Principal of Queen's High School
- In office 1974–1994

Personal details
- Born: Patricia Mary Thomson 6 September 1932 Dunedin, New Zealand
- Died: 6 September 2025 (aged 93) Dunedin, New Zealand
- Spouse: Arthur Keith Harrison ​ ​(m. 1957; died 2022)​
- Children: 3

= Pat Harrison (educationalist) =

New Zealand educationalist (1932–2025)

Dame Patricia Mary Harrison (née Thomson; 6 September 1932 – 6 September 2025) was a New Zealand educationalist.

==Background==
Born in Dunedin on 6 September 1932, Harrison was educated at Otago Girls' High School from 1946 to 1950. She went on to study at Dunedin Teachers' College and the University of Otago, graduating with a Master of Arts degree with second-class honours in 1957.

In 1957, she married Arthur Keith Harrison, and the couple went on to have three children.

Pat Harrison died at Dunedin Hospital on 6 September 2025, at the age of 93.

==Education career==
In 1955, Harrison's first teaching post was at Queen's High School, Dunedin, where she became interested in students with special needs. All of her teaching career, apart from three years in Christchurch, was spent in South Dunedin, and she served as principal of Queen's High School, Dunedin from 1975 to 1994.

==Community involvement==
After her retirement, Harrison continued working with young people in Dunedin, helping the vulnerable and those who drop out of formal education, through programmes run by various community organisations including the Otago Youth Wellness Trust, which she founded in 1996.
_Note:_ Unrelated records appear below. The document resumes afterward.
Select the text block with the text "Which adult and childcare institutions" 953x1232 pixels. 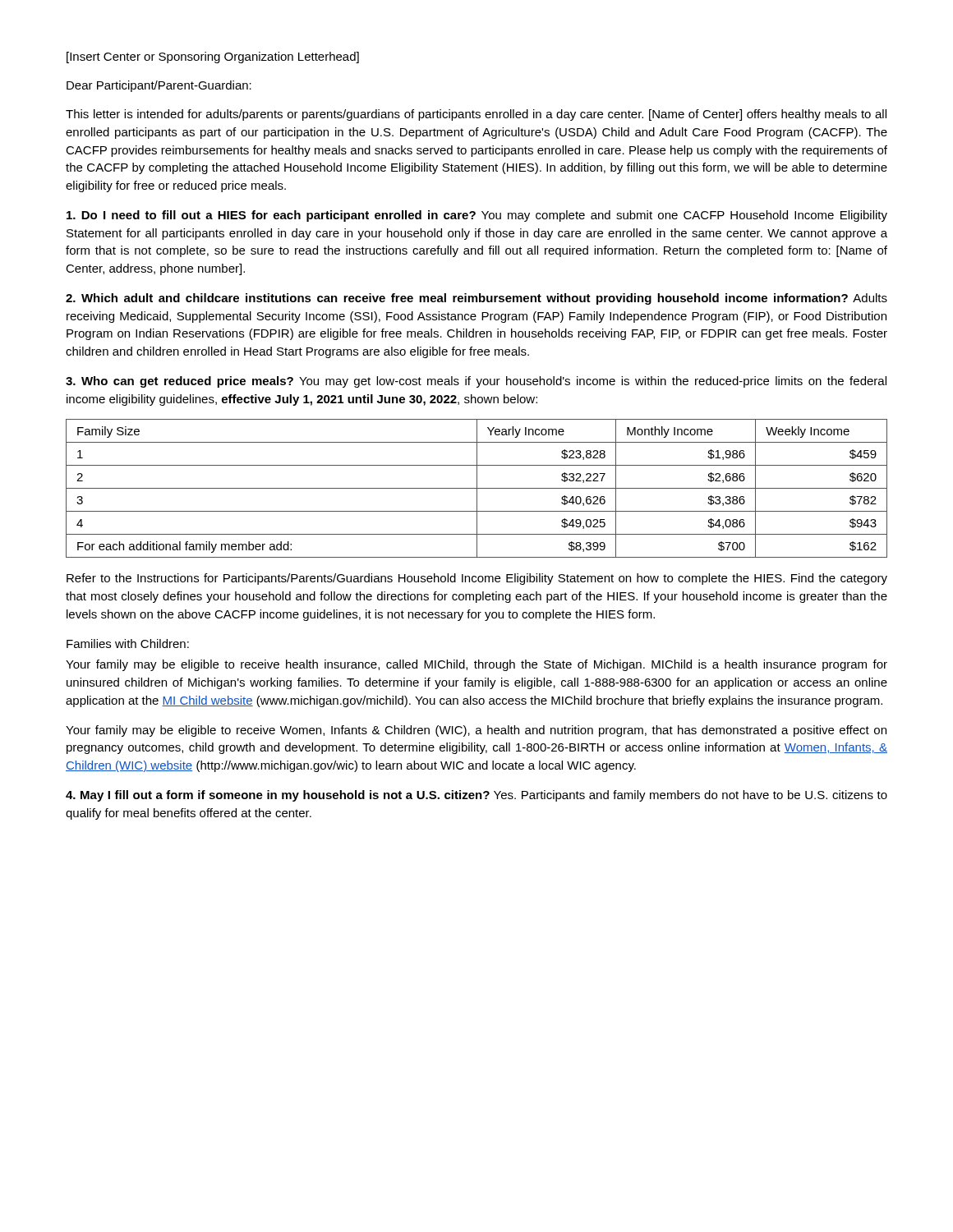(x=476, y=324)
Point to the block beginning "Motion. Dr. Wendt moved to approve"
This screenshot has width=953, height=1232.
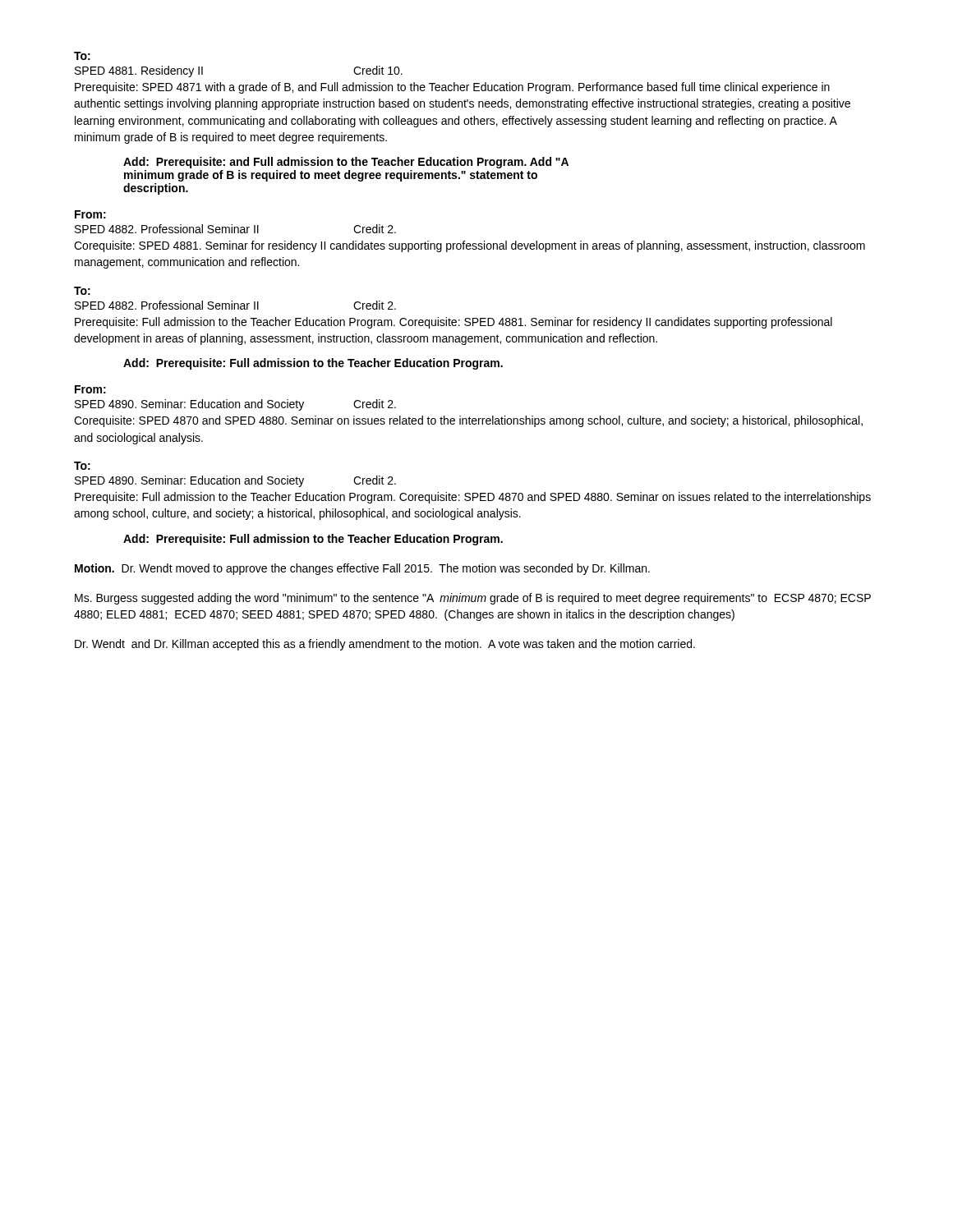point(362,568)
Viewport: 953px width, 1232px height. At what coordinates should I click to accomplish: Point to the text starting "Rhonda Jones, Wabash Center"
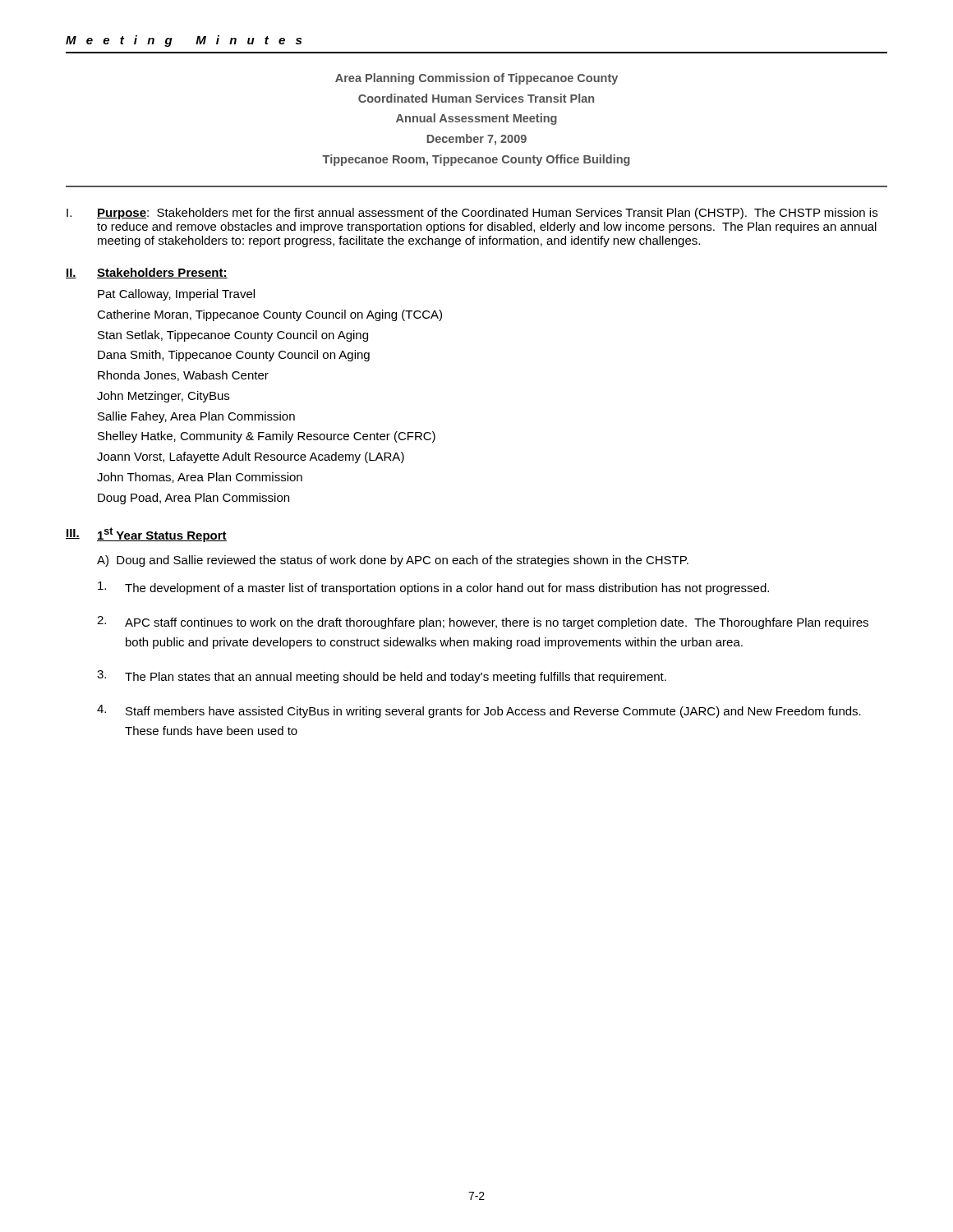click(x=183, y=375)

Between 1983 and 1994, Harrison was a member of the University of Otago Council. She also served as a member of the Otago Regional Council. Other community roles included being an executive member of the Dunedin Council of Social Services, and chair of the Otago Regional Access Employment Council.

==Honours and awards==
In the 1987 Queen's Birthday Honours, Harrison was appointed a Companion of the Queen's Service Order for public services. In 1990, she received the New Zealand 1990 Commemoration Medal, and in 1993 she was awarded the New Zealand Suffrage Centennial Medal. She was made a Distinguished Companion of the New Zealand Order of Merit, for services to education and the community, in the 2001 Queen's Birthday Honours, and following the restoration of titular honours by the New Zealand government in 2009, she accepted redesignation as a Dame Companion of the New Zealand Order of Merit.